Pragmatic Libertarian
Premium Member
I wonder if we've ever taken a census on RF?
Count me in!

Note:
There's some flexibility in the term "anarcho".
I'm the minarchist variety.
 

Slide

The 1st Rule.
I've found we're a small group. In fact, most people I talk to think anarchism and capitalism are opposite concepts. I'm not a political genius and I get lost when there's a lot of jargon, but that's why there's Wikipedia. Not so you can read the Wikipedia articles, but so you can read the source material for the articles.

Hooray, Interwebs.
 

Revoltingest

Pragmatic Libertarian
Premium Member
I find that a great many people who identify as anarchist are actually quite authoritarian. They just want government to exercise its power differently....& more against business & the wealthy.
 

Slide

The 1st Rule.
I can't figure out why people are out to stick it to the wealthy. I don't mind a guy being rich. I don't give a shenanigan what his tax rate is. I don't mention him on my 1040 EZ, so I don't care about him. I just want to do what I want with my money and my property and my life without being told by someone else what I can and can't do with it.
 

Revoltingest

Pragmatic Libertarian
Premium Member
I can't figure out why people are out to stick it to the wealthy. I don't mind a guy being rich.
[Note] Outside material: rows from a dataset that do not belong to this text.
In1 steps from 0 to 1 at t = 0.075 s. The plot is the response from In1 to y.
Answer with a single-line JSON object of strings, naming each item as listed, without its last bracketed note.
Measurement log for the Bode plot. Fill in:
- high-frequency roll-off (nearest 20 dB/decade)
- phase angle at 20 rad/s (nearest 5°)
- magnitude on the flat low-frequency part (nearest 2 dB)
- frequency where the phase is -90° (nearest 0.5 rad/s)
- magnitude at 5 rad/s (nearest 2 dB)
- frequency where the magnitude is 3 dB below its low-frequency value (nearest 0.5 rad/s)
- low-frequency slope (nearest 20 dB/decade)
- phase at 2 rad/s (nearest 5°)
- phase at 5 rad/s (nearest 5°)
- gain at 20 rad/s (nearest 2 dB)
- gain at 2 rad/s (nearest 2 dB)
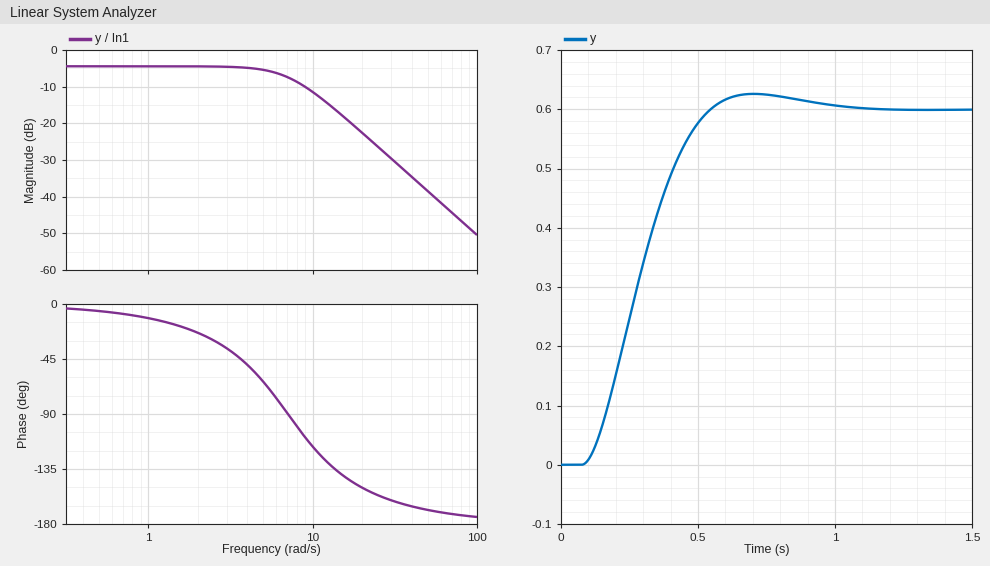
{"high-frequency roll-off": "-40 dB/decade", "phase angle at 20 rad/s": "-150°", "magnitude on the flat low-frequency part": "-4 dB", "frequency where the phase is -90°": "7.0 rad/s", "magnitude at 5 rad/s": "-6 dB", "frequency where the magnitude is 3 dB below its low-frequency value": "7.0 rad/s", "low-frequency slope": "0 dB/decade", "phase at 2 rad/s": "-25°", "phase at 5 rad/s": "-65°", "gain at 20 rad/s": "-22 dB", "gain at 2 rad/s": "-4 dB"}
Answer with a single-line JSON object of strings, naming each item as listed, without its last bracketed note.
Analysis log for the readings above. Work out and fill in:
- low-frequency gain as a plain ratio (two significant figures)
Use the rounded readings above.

{"low-frequency gain as a plain ratio": "0.63"}
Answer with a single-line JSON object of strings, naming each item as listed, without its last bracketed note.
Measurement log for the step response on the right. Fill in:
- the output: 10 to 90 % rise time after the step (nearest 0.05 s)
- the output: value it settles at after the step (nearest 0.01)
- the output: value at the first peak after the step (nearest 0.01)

{"the output: 10 to 90 % rise time after the step": "0.30 s", "the output: value it settles at after the step": "0.60", "the output: value at the first peak after the step": "0.63"}

I don't give a shenanigan what his tax rate is. I don't mention him on my 1040 EZ, so I don't care about him. I just want to do what I want with my money and my property and my life without being told by someone else what I can and can't do with it.
I chalk it up to envy.
So they invented the label of "privilege" to tag the evil ones.
They're guilty just because they're successful.
(Tis hard to accept responsibility for one's own lack of success. Someone else must be culpable.)
 

Slide

The 1st Rule.
I chalk it up to envy.
So they invented the label of "privilege" to tag the evil ones.
They're guilty just because they're successful.
(Tis hard to accept responsibility for one's own lack of success. Someone else must be culpable.)

Someone give this man a cookie. And a good beer. And a handshake. And a parade. And a pony.
 

Mequa

Neo-Epicurean
What about the issue of socialised medicine? I know many hardcore Anarcho-Capitalists are vehemently opposed to it.
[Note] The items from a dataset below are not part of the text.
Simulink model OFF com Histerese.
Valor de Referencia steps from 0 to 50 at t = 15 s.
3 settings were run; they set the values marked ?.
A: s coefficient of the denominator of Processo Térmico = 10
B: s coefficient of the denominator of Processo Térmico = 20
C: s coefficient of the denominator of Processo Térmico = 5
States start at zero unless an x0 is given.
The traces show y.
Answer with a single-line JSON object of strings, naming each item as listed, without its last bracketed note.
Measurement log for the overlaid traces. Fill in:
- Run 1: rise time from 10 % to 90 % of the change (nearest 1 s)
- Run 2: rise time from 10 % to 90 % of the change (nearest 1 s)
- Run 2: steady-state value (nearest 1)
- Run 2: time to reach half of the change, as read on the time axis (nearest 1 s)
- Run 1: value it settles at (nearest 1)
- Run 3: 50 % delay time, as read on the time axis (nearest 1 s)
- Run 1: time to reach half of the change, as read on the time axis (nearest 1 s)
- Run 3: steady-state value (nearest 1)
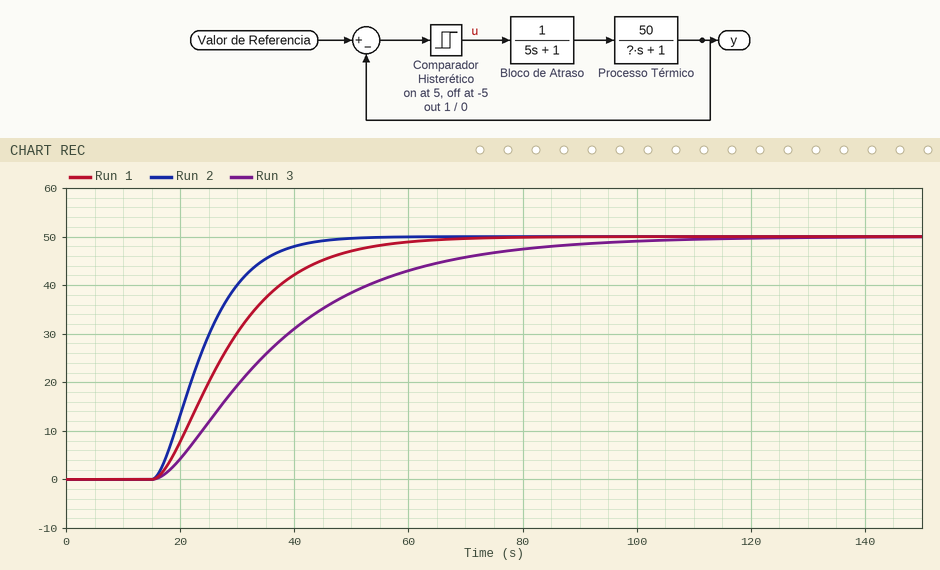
{"Run 1: rise time from 10 % to 90 % of the change": "26 s", "Run 2: rise time from 10 % to 90 % of the change": "17 s", "Run 2: steady-state value": "50", "Run 2: time to reach half of the change, as read on the time axis": "23 s", "Run 1: value it settles at": "50", "Run 3: 50 % delay time, as read on the time axis": "34 s", "Run 1: time to reach half of the change, as read on the time axis": "27 s", "Run 3: steady-state value": "50"}
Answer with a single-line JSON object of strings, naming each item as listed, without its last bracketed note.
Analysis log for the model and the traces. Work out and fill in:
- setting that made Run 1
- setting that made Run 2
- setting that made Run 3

{"setting that made Run 1": "A", "setting that made Run 2": "C", "setting that made Run 3": "B"}
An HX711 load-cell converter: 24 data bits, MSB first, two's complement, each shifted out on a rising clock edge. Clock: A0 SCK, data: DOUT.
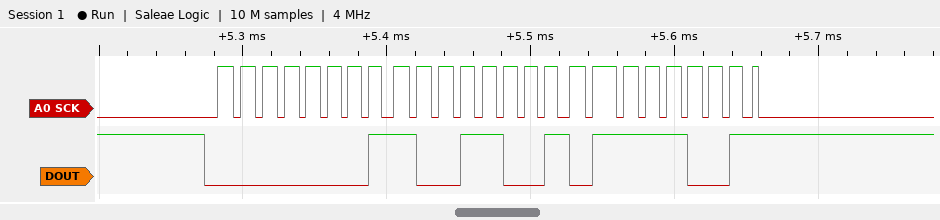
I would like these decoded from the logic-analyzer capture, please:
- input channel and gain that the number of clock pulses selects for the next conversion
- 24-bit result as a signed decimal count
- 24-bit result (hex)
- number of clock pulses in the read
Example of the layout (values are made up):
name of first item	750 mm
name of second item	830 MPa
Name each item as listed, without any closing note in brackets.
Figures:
input channel and gain that the number of clock pulses selects for the next conversion	channel A, gain 128
24-bit result as a signed decimal count	104825
24-bit result	0x019979
number of clock pulses in the read	25
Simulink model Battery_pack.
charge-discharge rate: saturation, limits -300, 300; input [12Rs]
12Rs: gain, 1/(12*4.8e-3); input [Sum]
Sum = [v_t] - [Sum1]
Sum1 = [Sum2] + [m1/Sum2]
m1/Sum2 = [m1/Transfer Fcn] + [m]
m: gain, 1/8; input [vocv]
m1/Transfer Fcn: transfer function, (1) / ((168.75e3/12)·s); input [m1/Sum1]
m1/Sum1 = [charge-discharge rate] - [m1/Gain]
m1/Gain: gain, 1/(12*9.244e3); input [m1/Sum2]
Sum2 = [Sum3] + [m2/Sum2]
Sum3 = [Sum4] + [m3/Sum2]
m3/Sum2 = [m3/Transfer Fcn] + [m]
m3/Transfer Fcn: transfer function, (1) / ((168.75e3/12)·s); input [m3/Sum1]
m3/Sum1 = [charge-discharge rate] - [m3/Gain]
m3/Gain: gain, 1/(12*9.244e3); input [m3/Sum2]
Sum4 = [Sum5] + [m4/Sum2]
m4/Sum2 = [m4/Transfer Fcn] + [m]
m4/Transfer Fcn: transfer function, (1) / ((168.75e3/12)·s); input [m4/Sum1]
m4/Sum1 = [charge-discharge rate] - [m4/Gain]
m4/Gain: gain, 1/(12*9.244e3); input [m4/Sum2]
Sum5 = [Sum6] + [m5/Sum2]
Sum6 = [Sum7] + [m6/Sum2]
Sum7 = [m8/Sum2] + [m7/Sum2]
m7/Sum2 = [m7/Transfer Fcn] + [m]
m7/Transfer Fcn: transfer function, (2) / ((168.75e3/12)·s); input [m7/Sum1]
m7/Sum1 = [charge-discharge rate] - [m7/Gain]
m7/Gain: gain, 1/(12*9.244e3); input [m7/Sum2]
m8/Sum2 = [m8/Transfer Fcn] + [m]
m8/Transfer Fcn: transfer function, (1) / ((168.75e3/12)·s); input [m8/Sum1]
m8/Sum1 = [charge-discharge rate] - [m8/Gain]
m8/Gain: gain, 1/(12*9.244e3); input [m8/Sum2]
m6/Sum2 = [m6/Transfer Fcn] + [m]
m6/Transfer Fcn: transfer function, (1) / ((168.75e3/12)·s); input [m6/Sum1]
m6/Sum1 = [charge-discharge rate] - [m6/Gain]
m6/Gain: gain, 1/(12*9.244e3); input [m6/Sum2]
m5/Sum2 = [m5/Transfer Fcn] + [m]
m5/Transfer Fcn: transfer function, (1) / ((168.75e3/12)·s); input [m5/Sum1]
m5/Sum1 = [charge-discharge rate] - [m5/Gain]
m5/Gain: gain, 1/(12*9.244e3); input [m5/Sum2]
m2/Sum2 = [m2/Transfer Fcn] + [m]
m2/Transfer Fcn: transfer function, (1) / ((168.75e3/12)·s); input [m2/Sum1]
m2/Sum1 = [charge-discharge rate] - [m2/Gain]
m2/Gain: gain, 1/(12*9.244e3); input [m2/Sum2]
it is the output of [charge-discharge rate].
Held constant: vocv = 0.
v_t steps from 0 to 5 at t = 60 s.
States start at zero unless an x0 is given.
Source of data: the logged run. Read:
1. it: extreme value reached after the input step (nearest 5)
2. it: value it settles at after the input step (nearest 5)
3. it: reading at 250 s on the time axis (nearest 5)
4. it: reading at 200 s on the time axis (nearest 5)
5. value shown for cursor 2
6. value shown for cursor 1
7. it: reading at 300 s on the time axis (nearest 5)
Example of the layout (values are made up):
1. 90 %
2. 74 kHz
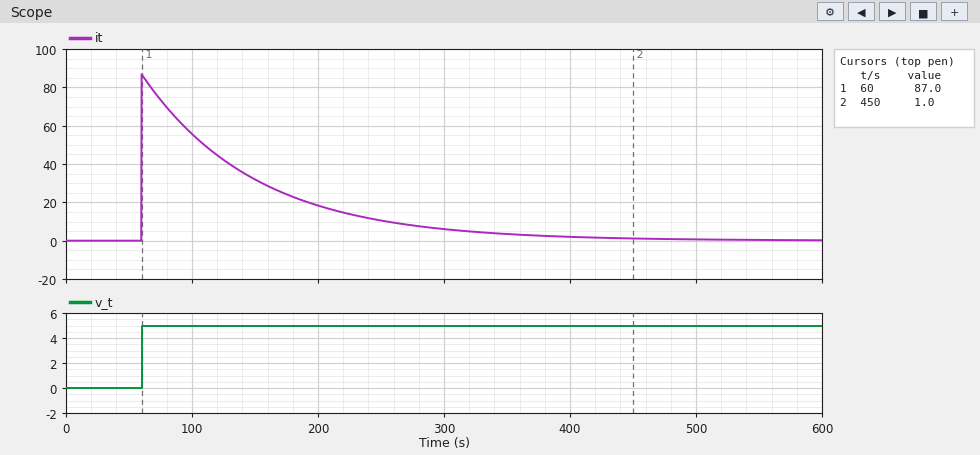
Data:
1. 85
2. 0
3. 10
4. 20
5. 1.0
6. 87.0
7. 5

I would personally be dead without it, by the way. I needed a pacemaker fitted since I was 14 due to a pre-existing medical condition, so I am grateful for my country's National Health Service.
This nevertheless exists in a mixed-market capitalist framework, where competition drives innovation in medical technology and drives down prices of medical equipment which are used by the NHS. Ergo, hardly anti-capitalist by nature.

Yet I have had hardcore American Libertarians tell me that "they should have let you die", as apparently my survival needs, while outside my control, are not a claim on other's resources (thank you Ayn Rand for articulating that stance so clearly), and forcing hard-working taxpayers to pay for my life-saving ongoing treatment via taxation is apparently "theft", and therefore immoral.

So by this stance, the moral thing to do is rip out systems of socialised medicine so that hard-working taxpayers can stop being "robbed" by the state, and (given how voluntary charity is almost certainly insufficient, with human nature as it is), anyone who cannot afford to pay for their own medical bills, due to circumstances entirely outside their control, gets to die. Unless, for someone unfortunate enough to have a life-long pre-existing condition, their parents are multi-millionaires and they are born with a silver spoon in their arse. (Essentially leading to a form of neo-feudalism.)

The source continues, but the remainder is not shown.